LE LIÈVRE ET LES GRENOUILLES

      Un Lièvre en son gîte songeoit
(Car que faire en un gîte, à moins que l’on ne songe ?) ;
Dans un profond ennui ce Lièvre se plongeoit :
Cet animal est triste, et la crainte le ronge.
      « Les gens de naturel peureux
      Sont, disoit-il, bien malheureux.
Ils ne sauroient manger morceau qui leur profite ;
Jamais un plaisir pur ; toujours assauts divers.
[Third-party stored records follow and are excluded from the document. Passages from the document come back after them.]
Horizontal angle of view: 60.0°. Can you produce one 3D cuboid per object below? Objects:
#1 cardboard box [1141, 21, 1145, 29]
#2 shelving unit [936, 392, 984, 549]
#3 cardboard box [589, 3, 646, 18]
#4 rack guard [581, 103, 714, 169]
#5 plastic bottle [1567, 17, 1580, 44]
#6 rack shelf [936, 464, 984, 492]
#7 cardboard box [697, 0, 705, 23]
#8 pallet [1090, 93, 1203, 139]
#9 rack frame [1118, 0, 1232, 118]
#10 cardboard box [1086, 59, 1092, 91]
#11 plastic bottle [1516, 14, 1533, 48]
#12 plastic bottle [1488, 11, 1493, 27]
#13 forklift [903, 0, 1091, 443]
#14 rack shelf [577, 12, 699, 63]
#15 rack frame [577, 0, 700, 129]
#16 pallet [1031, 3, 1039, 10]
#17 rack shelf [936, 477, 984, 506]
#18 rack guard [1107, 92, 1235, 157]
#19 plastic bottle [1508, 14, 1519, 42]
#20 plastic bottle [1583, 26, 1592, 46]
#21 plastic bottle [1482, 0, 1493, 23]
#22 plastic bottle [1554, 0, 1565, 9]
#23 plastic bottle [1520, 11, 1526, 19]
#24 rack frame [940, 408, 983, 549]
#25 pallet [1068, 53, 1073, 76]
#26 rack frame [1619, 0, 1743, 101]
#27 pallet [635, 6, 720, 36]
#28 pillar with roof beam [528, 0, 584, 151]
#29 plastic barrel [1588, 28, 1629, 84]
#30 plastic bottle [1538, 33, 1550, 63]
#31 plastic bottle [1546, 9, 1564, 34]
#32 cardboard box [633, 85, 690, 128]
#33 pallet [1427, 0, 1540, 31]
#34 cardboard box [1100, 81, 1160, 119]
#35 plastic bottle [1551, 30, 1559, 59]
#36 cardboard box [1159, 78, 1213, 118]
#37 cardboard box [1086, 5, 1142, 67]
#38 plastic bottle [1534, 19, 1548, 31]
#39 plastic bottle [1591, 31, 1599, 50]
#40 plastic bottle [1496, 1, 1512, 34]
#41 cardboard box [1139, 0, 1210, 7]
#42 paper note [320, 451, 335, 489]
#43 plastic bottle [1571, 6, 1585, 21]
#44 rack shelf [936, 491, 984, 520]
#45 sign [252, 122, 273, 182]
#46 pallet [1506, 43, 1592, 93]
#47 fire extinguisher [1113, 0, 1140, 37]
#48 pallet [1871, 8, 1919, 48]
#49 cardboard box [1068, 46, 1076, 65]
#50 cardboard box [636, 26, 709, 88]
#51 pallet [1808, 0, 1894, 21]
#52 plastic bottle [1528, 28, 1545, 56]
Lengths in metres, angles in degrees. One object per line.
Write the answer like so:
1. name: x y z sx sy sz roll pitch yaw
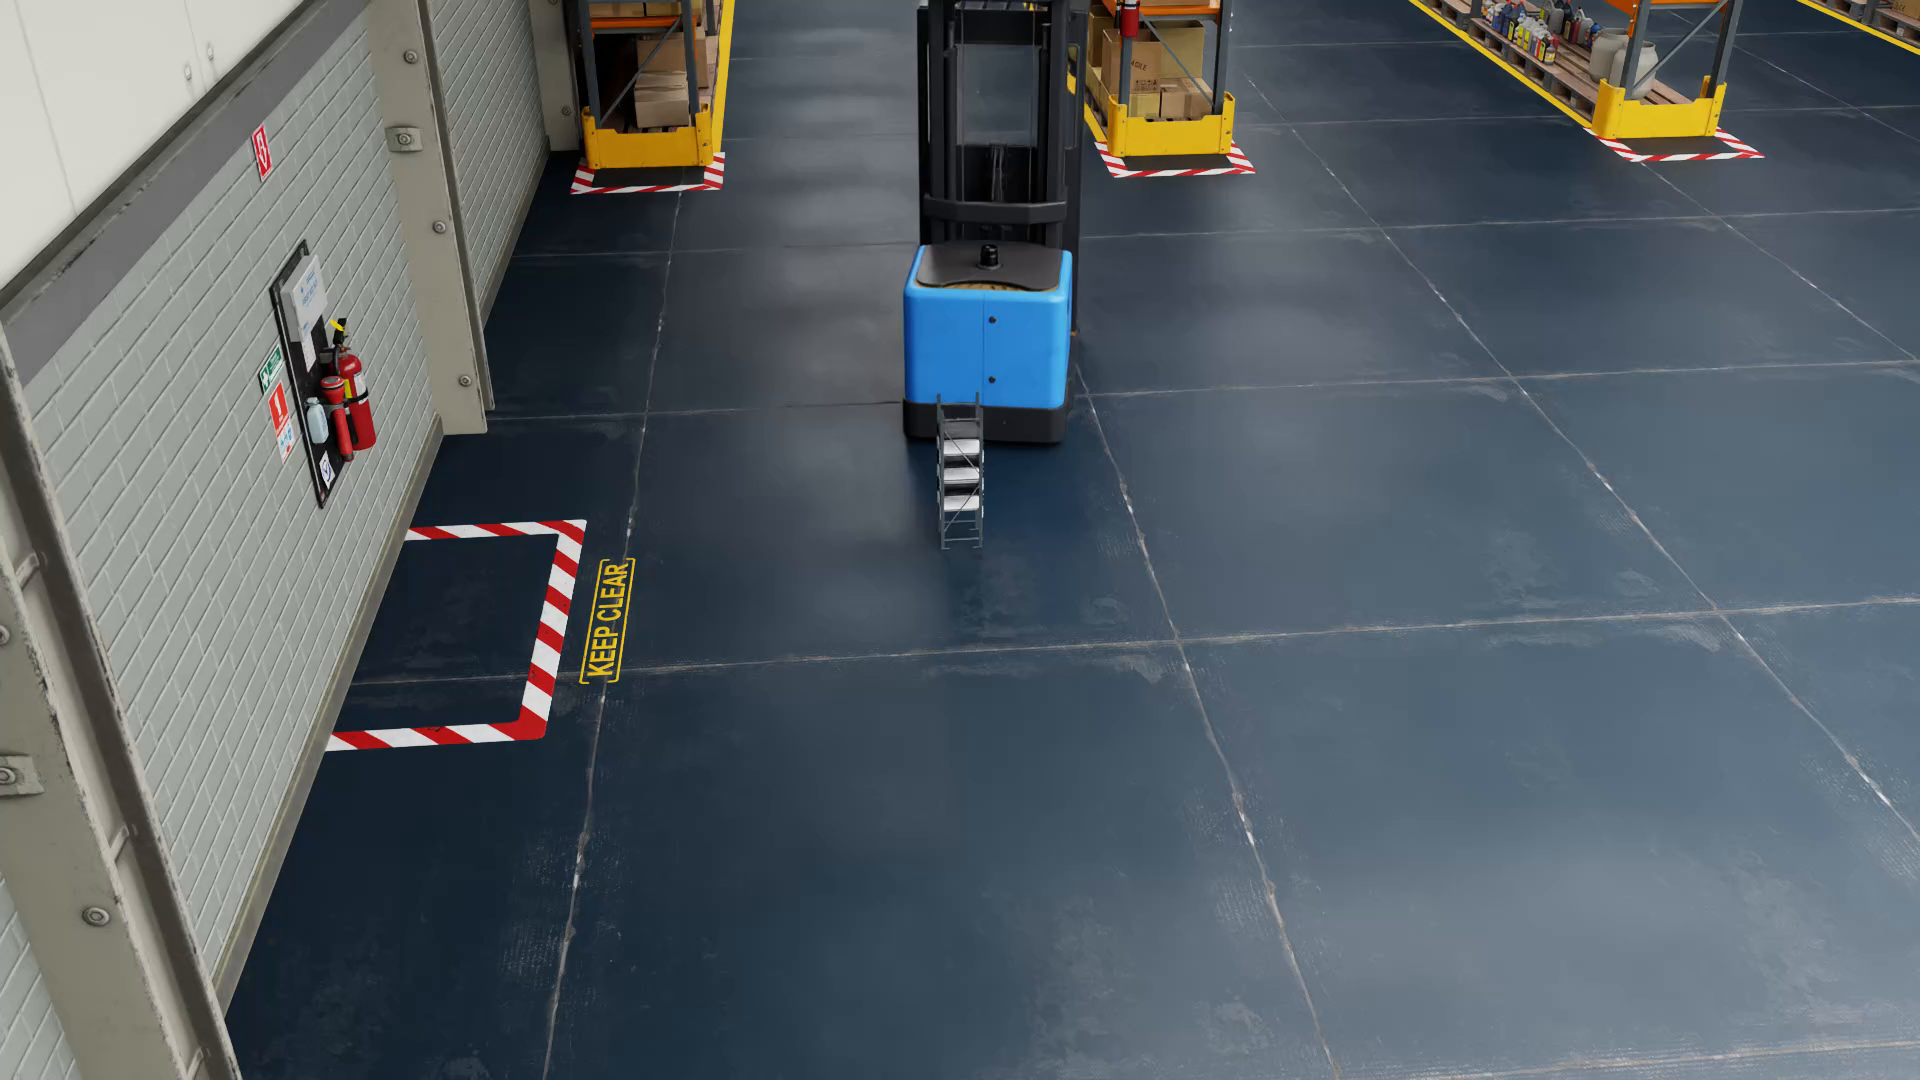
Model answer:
1. cardboard box: 2.074 -5.188 17.051 0.500 0.500 0.500 -3 31 -5
2. shelving unit: -0.001 -0.390 9.526 0.258 0.900 0.210 -3 31 -5
3. cardboard box: -3.157 -5.006 15.333 0.500 0.250 0.500 -2 31 -4
4. rack guard: -2.928 -3.799 15.622 1.175 0.500 0.348 -3 31 -5
5. plastic bottle: 6.870 -5.706 18.598 0.061 0.283 0.133 -3 31 -5
6. rack shelf: -0.001 -0.362 9.543 0.258 0.077 0.200 -3 31 -5
7. cardboard box: -3.379 -6.366 19.491 0.700 0.500 0.500 -2 31 -3
8. pallet: 1.898 -4.263 16.682 1.003 0.211 1.213 -3 31 -5
9. rack frame: 2.011 -5.072 15.317 1.000 3.000 0.127 -3 31 -5
10. cardboard box: 1.560 -4.842 17.202 0.500 0.250 0.500 -3 31 -5
11. plastic bottle: 6.289 -5.656 18.448 0.144 0.351 0.185 -3 31 -5
12. plastic bottle: 6.182 -6.050 19.253 0.097 0.201 0.097 0 31 0
13. forklift: 0.294 -2.612 11.264 1.130 2.935 3.031 3 31 5
14. rack shelf: -3.107 -5.545 16.810 1.077 0.370 4.000 -3 31 -5
15. rack frame: -2.920 -4.833 14.916 1.000 3.000 0.127 -3 31 -5
16. pallet: 1.413 -6.916 21.122 1.003 0.211 1.213 -3 31 -5
17. rack shelf: -0.001 -0.285 9.589 0.258 0.077 0.200 -3 31 -5
18. rack guard: 2.013 -3.987 15.937 1.175 0.500 0.348 -3 31 -5
19. plastic bottle: 6.223 -5.758 18.684 0.061 0.283 0.133 -1 31 -2
20. plastic bottle: 7.014 -5.617 18.529 0.097 0.201 0.097 0 31 0
21. plastic bottle: 6.163 -6.184 19.409 0.097 0.271 0.097 0 31 0
22. plastic bottle: 6.917 -6.086 19.169 0.144 0.351 0.185 -4 31 -6
23. plastic bottle: 6.366 -5.867 18.879 0.097 0.271 0.097 0 31 0
24. rack frame: 0.009 -0.339 9.439 0.240 0.900 0.006 -3 31 -5
25. pallet: 1.670 -5.509 18.767 1.003 0.211 1.213 -3 31 -5
26. rack frame: 6.943 -5.308 15.711 1.000 3.000 0.127 -3 31 -5
27. pallet: -3.368 -6.075 19.715 1.003 0.211 1.213 -3 31 -5
28. pillar with roof beam: 0.439 -7.931 14.252 9.100 9.000 0.400 -3 31 -5
29. plastic barrel: 6.759 -5.008 17.226 0.421 0.512 0.421 0 31 0
30. plastic bottle: 6.306 -5.306 17.927 0.061 0.283 0.133 -2 31 -3
31. plastic bottle: 6.789 -5.936 18.991 0.152 0.276 0.135 -3 31 -5
32. cardboard box: -2.895 -4.225 16.091 0.500 0.311 0.500 -6 31 -10
33. pallet: 6.458 -6.552 20.513 1.003 0.211 1.213 -3 31 -5
34. cardboard box: 1.667 -4.332 16.349 0.500 0.250 0.500 -3 31 -5
35. plastic bottle: 6.445 -5.382 18.056 0.061 0.283 0.133 -3 31 -5
36. cardboard box: 2.183 -4.356 16.390 0.500 0.250 0.500 -3 31 -5
37. cardboard box: 1.557 -5.163 17.010 0.500 0.500 0.500 -3 31 -5
38. plastic bottle: 6.434 -5.644 18.501 0.152 0.276 0.135 -3 31 -5
39. plastic bottle: 7.034 -5.512 18.353 0.097 0.201 0.097 0 31 0
40. plastic bottle: 6.232 -5.969 18.973 0.144 0.351 0.185 -2 31 -3
41. cardboard box: 1.980 -5.354 15.691 0.700 0.500 0.500 -3 31 -5
42. paper note: -3.146 -0.350 8.270 0.016 0.148 0.142 -3 31 -5
43. plastic bottle: 6.965 -5.824 18.729 0.144 0.351 0.185 -3 31 -5
44. rack shelf: -0.001 -0.207 9.636 0.258 0.077 0.200 -3 31 -5
45. sign: -3.192 -1.808 7.592 0.001 0.298 0.199 -3 31 -5
46. pallet: 6.708 -5.183 18.222 1.003 0.211 1.213 -3 31 -5
47. fire extinguisher: 1.560 -4.956 15.198 0.296 0.674 0.183 -3 31 -5
48. pallet: 11.599 -6.049 19.671 1.003 0.211 1.213 -3 31 -5
49. cardboard box: 1.462 -5.352 18.057 0.500 0.250 0.500 -3 31 -5
50. cardboard box: -2.968 -4.974 17.161 0.700 0.500 0.500 -5 31 -8
51. pallet: 11.427 -6.787 20.907 1.003 0.211 1.213 -3 31 -5
52. plastic bottle: 6.326 -5.445 18.167 0.152 0.276 0.135 -4 31 -6

Voilà comme je vis : cette crainte maudite
M’empêche de dormir, sinon les yeux ouverts.
Corrigez-vous, dira quelque sage cervelle.
      Et la peur se corrige-t-elle ?
      Je crois même qu’en bonne foi
      Les hommes ont peur comme moi ».
      Ainsi raisonnoit notre Lièvre
      Et cependant faisoit le guet.
      Il était douteux, inquiet :
Un souffle, une ombre, un rien, tout lui donnoit la fièvre.
      Le mélancolique animal,
      En rêvant à cette matière,
Entend un léger bruit : ce lui fut un signal
      Pour s’enfuir devers sa tanière.
Il s’en alla passer sur le bord d’un étang.
Grenouilles aussitôt de sauter dans les ondes ;
Grenouilles de rentrer en leurs grottes profondes.
      « Oh ! dit-il, j’en fais faire autant
      Qu’on m’en fait faire ! Ma présence
Effraie aussi les gens ! je mets l’alarme au camp !
      Et d’où me vient cette vaillance ?
Comment ? des animaux qui tremblent devant moi !
      Je suis donc un foudre de guerre !
Il n’est, je le vois bien, si poltron sur la terre
Qui ne puisse trouver un plus poltron que soi ».